I wanted to call attention to one such forthcoming piece by Akhil Amar and Vikram Amar condemning the doctrine. The piece is titled Eradicating Bush-League Arguments Root and Branch: The Article II Independent-State-Legislature Notion and Related Rubbish, and it will be forthcoming in the Supreme Court Review, for which I am one of the faculty editors.
Here is the introduction:
The biggest news of OT 2020 was what didn't happen: In the run-up to, and aftermath of, yet another tight and hard-fought presidential election, the Supreme Court declined to double down on some of the worst aspects of the execrable Bush v. Gore opinions of twenty years ago.
Yet a close look at the Term reveals that there was a brief moment of genuine constitutional peril, a week when it seemed quite possible that the Court might once again—as it did in 2000—besmirch itself and plunge the country into a jurisprudential abyss.
In the days preceding the election of 2020, a veritable carnival of litigants—let's call them Bush-Leaguers—teed up several cases based on a seemingly plausible but ultimately preposterous constitutional theory that had won the support of three notable justices back in 2000. Echoing the Rehnquist-Scalia-Thomas concurrence in Bush v. Gore, the 2020 Bush-Leaguers correctly noted that Article II authorizes each state "legislature" to decide how that state's presidential electors are to be chosen. From this correct starting point, Bush-Leaguers quickly careened off course, claiming that state courts could not properly tweak state voting laws to bring these laws into alignment with state constitutions (as construed by these state-court jurists). Perilously, four justices at various points in the autumn of 2020 appeared to fall for this beguiling Bush-League idea—an idea often referred to as the "Independent State Legislature" (ISL) theory. None of the other five justices came close to explaining all the reasons—and there are several—why this theory fails.
In what follows, we show why Bush-League arguments were wrong twenty years ago; how they were shown to be wrong by sound scholarship in the ensuing years; and why they are even more wrong today, thanks to recent and dispositive Supreme Court case law. All sensible constitutionalists—whether on the Court or off it, whether originalists or precedentalists, whether left or right of center—should bury Bush.
We also aim to demonstrate that the errors and evils of Bush v. Gore went far
beyond the ISL ideas at the heart of the Rehnquist-Scalia-Thomas concurrence. Bush was wrong in just about every way that it is possible for a case to be wrong. If ever there were a bad seed, Bush was it. The recent efforts to revive and rehabilitate Bush's reputation are thus genuine cause for jurisprudential concern—even alarm. We urge today's Court to make a sharp and clean break with Bush as soon as possible—and in any case, well before the next contested presidential election, which may be quite harrowing enough without any monkey business from the Court.

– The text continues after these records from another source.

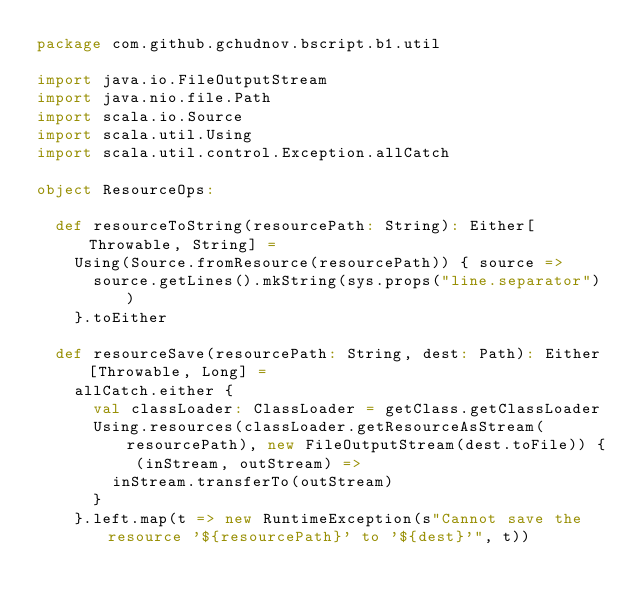<code> <loc_0><loc_0><loc_500><loc_500><_Scala_>package com.github.gchudnov.bscript.b1.util

import java.io.FileOutputStream
import java.nio.file.Path
import scala.io.Source
import scala.util.Using
import scala.util.control.Exception.allCatch

object ResourceOps:

  def resourceToString(resourcePath: String): Either[Throwable, String] =
    Using(Source.fromResource(resourcePath)) { source =>
      source.getLines().mkString(sys.props("line.separator"))
    }.toEither

  def resourceSave(resourcePath: String, dest: Path): Either[Throwable, Long] =
    allCatch.either {
      val classLoader: ClassLoader = getClass.getClassLoader
      Using.resources(classLoader.getResourceAsStream(resourcePath), new FileOutputStream(dest.toFile)) { (inStream, outStream) =>
        inStream.transferTo(outStream)
      }
    }.left.map(t => new RuntimeException(s"Cannot save the resource '${resourcePath}' to '${dest}'", t))
</code> 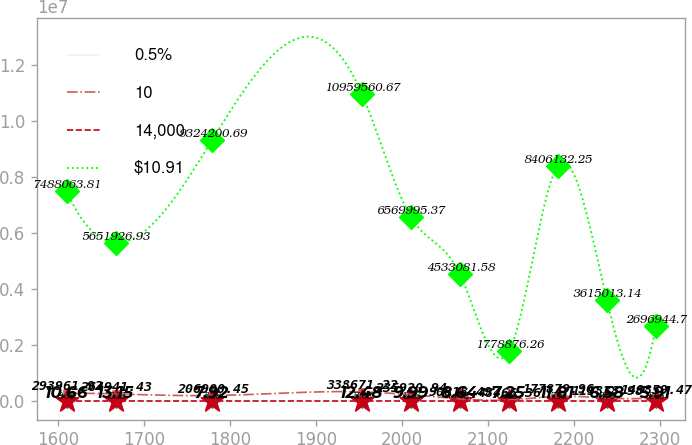<chart> <loc_0><loc_0><loc_500><loc_500><line_chart><ecel><fcel>0.5%<fcel>10<fcel>14,000<fcel>$10.91<nl><fcel>1610.2<fcel>10.66<fcel>293962<fcel>9.08<fcel>7.48806e+06<nl><fcel>1667.13<fcel>13.15<fcel>264941<fcel>10.23<fcel>5.65193e+06<nl><fcel>1779.5<fcel>7.92<fcel>206900<fcel>11.38<fcel>9.3242e+06<nl><fcel>1953.61<fcel>12.48<fcel>338671<fcel>13.68<fcel>1.09596e+07<nl><fcel>2010.54<fcel>9.99<fcel>235921<fcel>12.53<fcel>6.57e+06<nl><fcel>2067.47<fcel>8.64<fcel>90818.5<fcel>4.48<fcel>4.53308e+06<nl><fcel>2124.4<fcel>7.25<fcel>48466.4<fcel>1.66<fcel>1.77888e+06<nl><fcel>2181.33<fcel>11.81<fcel>177880<fcel>7.93<fcel>8.40613e+06<nl><fcel>2238.26<fcel>6.58<fcel>119839<fcel>6.78<fcel>3.61501e+06<nl><fcel>2295.19<fcel>5.91<fcel>148859<fcel>5.63<fcel>2.69694e+06<nl></chart> 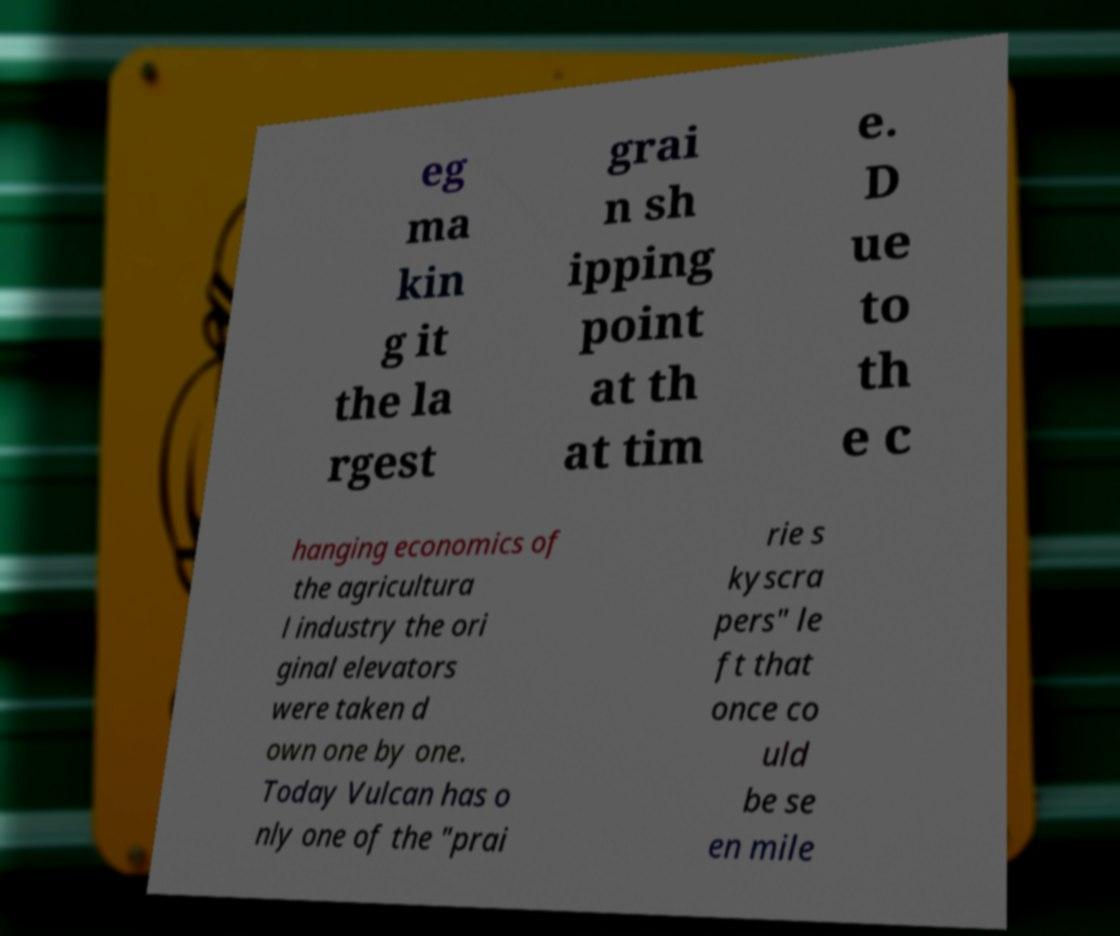For documentation purposes, I need the text within this image transcribed. Could you provide that? eg ma kin g it the la rgest grai n sh ipping point at th at tim e. D ue to th e c hanging economics of the agricultura l industry the ori ginal elevators were taken d own one by one. Today Vulcan has o nly one of the "prai rie s kyscra pers" le ft that once co uld be se en mile 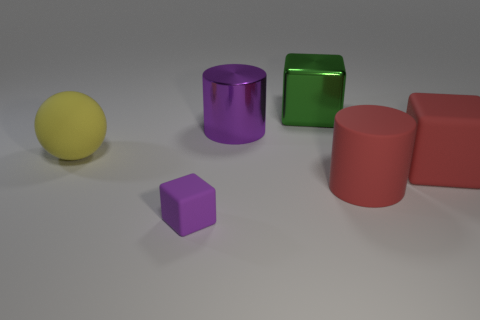Add 2 large objects. How many objects exist? 8 Subtract all cylinders. How many objects are left? 4 Subtract all tiny matte blocks. Subtract all big red blocks. How many objects are left? 4 Add 1 green metallic things. How many green metallic things are left? 2 Add 2 cubes. How many cubes exist? 5 Subtract 0 red balls. How many objects are left? 6 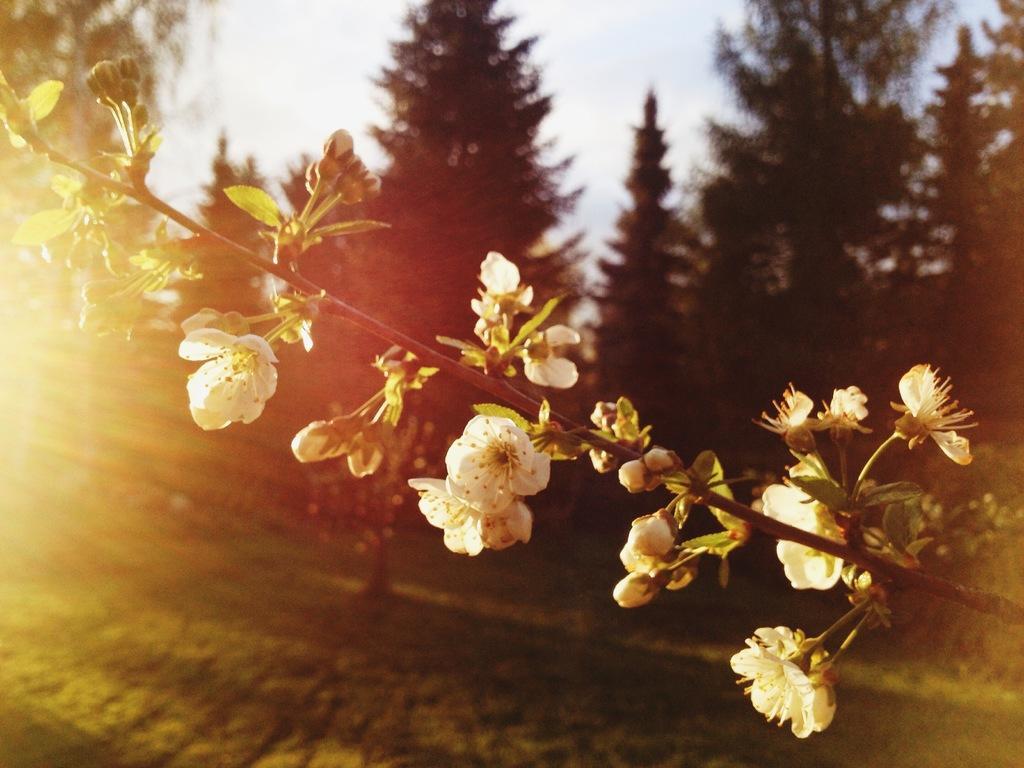How would you summarize this image in a sentence or two? This image consists of flowers in white color. At the bottom, there is green grass. In the background, there are many trees. At the top, there is a sky.

The authors cover a lot of ground, including their disagreements with a recent piece by Michael Morley, which is currently the leading academic defense of some version of the independent state legislature notion.

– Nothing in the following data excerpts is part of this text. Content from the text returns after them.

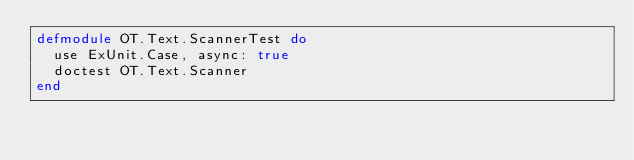<code> <loc_0><loc_0><loc_500><loc_500><_Elixir_>defmodule OT.Text.ScannerTest do
  use ExUnit.Case, async: true
  doctest OT.Text.Scanner
end
</code> 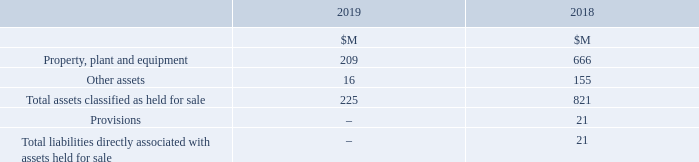This section sets out the assets and liabilities subject to a committed plan to sell.
At 30 June 2019, assets held for sale includes Group properties (2018: assets and liabilities relating to the Petrol business, and other Group properties, have been classified as held for sale).
Assets are classified as held for sale if their carrying amount will be recovered principally through a sale transaction rather than continuing use and a sale is considered highly probable. They are measured at the lower of their carrying amount and fair value less costs to sell, except for assets such as deferred tax assets, assets arising from employee benefits, and financial assets which are specifically exempt from this measurement requirement.
An impairment loss is recognised for any initial or subsequent write-down of the asset to fair value less costs to sell. A gain is recognised for any subsequent increases in fair value less costs to sell of an asset, but not in excess of any cumulative impairment loss previously recognised. A gain or loss not previously recognised by the date of the sale of the asset is recognised at the date of derecognition. Assets are not depreciated or amortised while they are classified as held for sale. Interest and other expenses attributable to the liabilities classified as held for sale continue to be recognised.
When are assets classified as held for sale? Assets are classified as held for sale if their carrying amount will be recovered principally through a sale transaction rather than continuing use and a sale is considered highly probable. When is an impairment loss recognised? An impairment loss is recognised for any initial or subsequent write-down of the asset to fair value less costs to sell. What is the total assets classified as held for sale in 2019?
Answer scale should be: million. 225. What is the difference in total assets classified as held for sale between 2018 and 2019?
Answer scale should be: million. 821 - 225 
Answer: 596. What is the difference in other assets between 2018 and 2019?
Answer scale should be: million. 155 - 16 
Answer: 139. What is the percentage change in property, plant and equipment between 2018 and 2019?
Answer scale should be: percent. (666 - 209)/666 
Answer: 68.62. 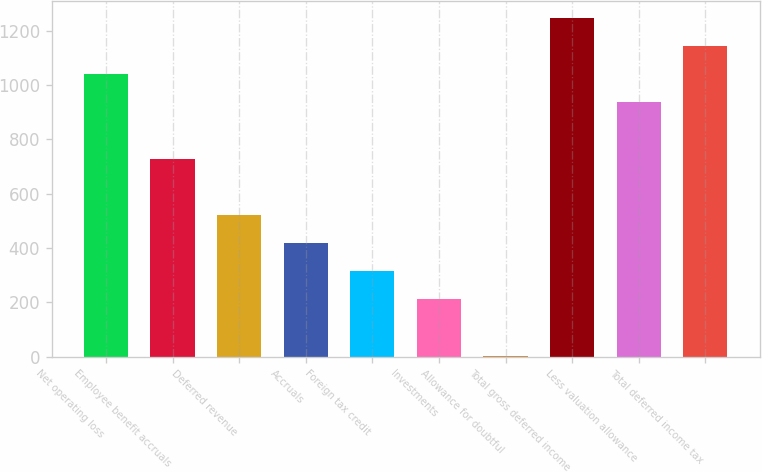<chart> <loc_0><loc_0><loc_500><loc_500><bar_chart><fcel>Net operating loss<fcel>Employee benefit accruals<fcel>Deferred revenue<fcel>Accruals<fcel>Foreign tax credit<fcel>Investments<fcel>Allowance for doubtful<fcel>Total gross deferred income<fcel>Less valuation allowance<fcel>Total deferred income tax<nl><fcel>1040.6<fcel>729.53<fcel>522.15<fcel>418.46<fcel>314.77<fcel>211.08<fcel>3.7<fcel>1247.98<fcel>936.91<fcel>1144.29<nl></chart> 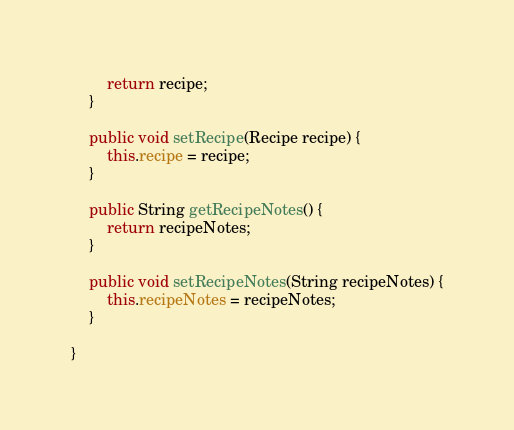<code> <loc_0><loc_0><loc_500><loc_500><_Java_>		return recipe;
	}

	public void setRecipe(Recipe recipe) {
		this.recipe = recipe;
	}

	public String getRecipeNotes() {
		return recipeNotes;
	}

	public void setRecipeNotes(String recipeNotes) {
		this.recipeNotes = recipeNotes;
	}

}
</code> 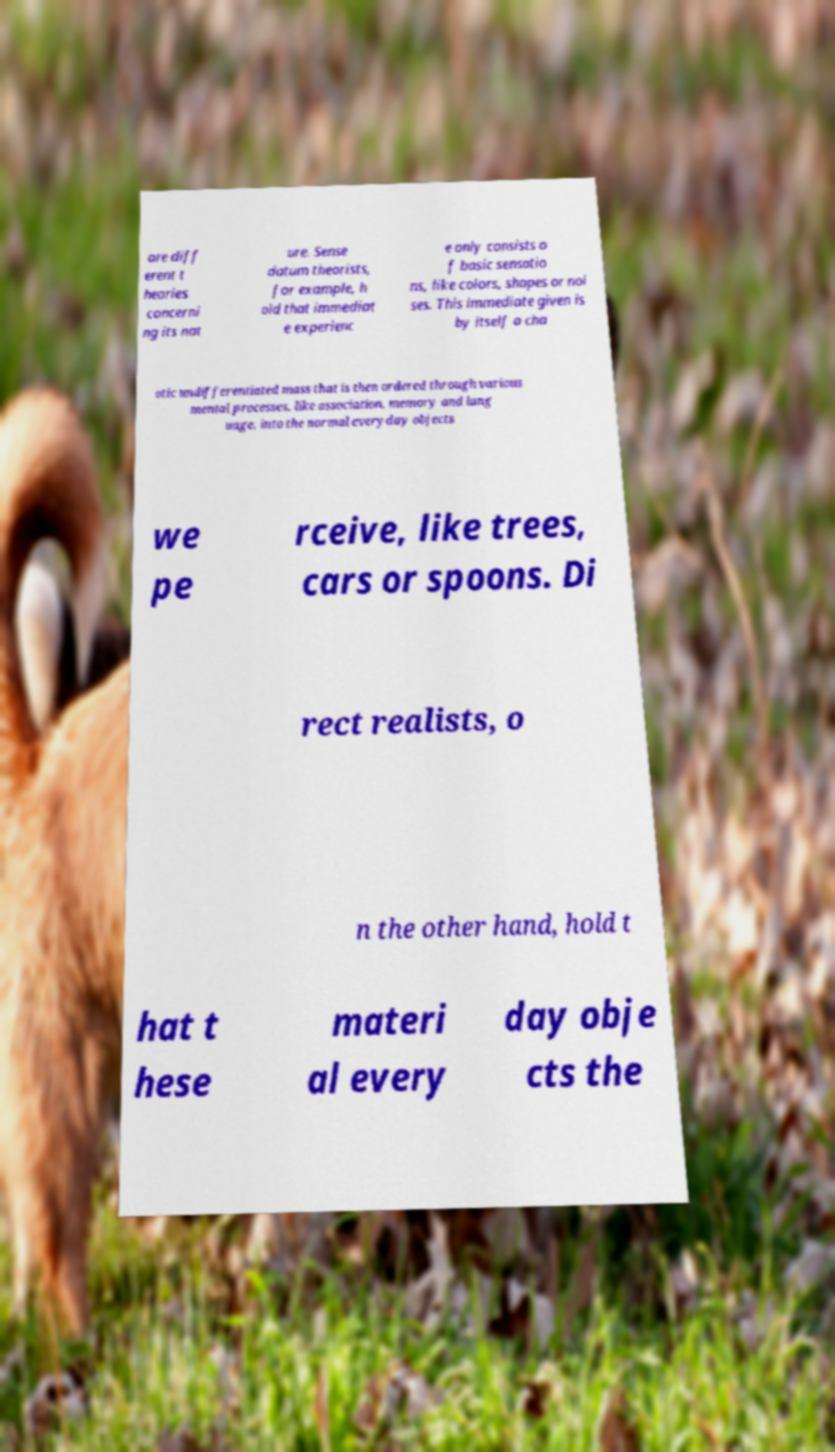Please identify and transcribe the text found in this image. are diff erent t heories concerni ng its nat ure. Sense datum theorists, for example, h old that immediat e experienc e only consists o f basic sensatio ns, like colors, shapes or noi ses. This immediate given is by itself a cha otic undifferentiated mass that is then ordered through various mental processes, like association, memory and lang uage, into the normal everyday objects we pe rceive, like trees, cars or spoons. Di rect realists, o n the other hand, hold t hat t hese materi al every day obje cts the

Beyond Amar & Amar, here are several more articles via The Originalism Blog (1, 2), where Mike Ramsey observes that while he believes ("on a quick reflection") the Amar brothers seem correct, their view may not resolve the current litigation about court-drawn maps:
I haven't looked at this issue closely. On a quick reflection, it seems likely to me that this language was understood to give power to the legislatures of the states, acting pursuant to their (state) constitutional procedures. So there's nothing remarkable about the proposition that early post-ratification state constitutions contained provisions regulating federal elections. But it seems an entirely different matter to have, as the post itself describes it, "congressional maps drawn by [the] state's supreme court." The state supreme court is not the legislature. That's a fundamental proposition of eighteenth century separation of powers. The state supreme court can say, I would think, that a map drawn by the legislature is unconstitutional because it doesn't follow the requirements of the state constitution. But the state court cannot itself draw the map (or order a particular map, other than one drawn by the legislature) to be used. I bet there is no founding era precedent for a state supreme court prescribing the "Times, Places and Manner of holding Elections."
Anyway, it's great to see a renaissance of attention to text, history, and structure on these election law questions. I'm happy the Supreme Court Review will be part of it.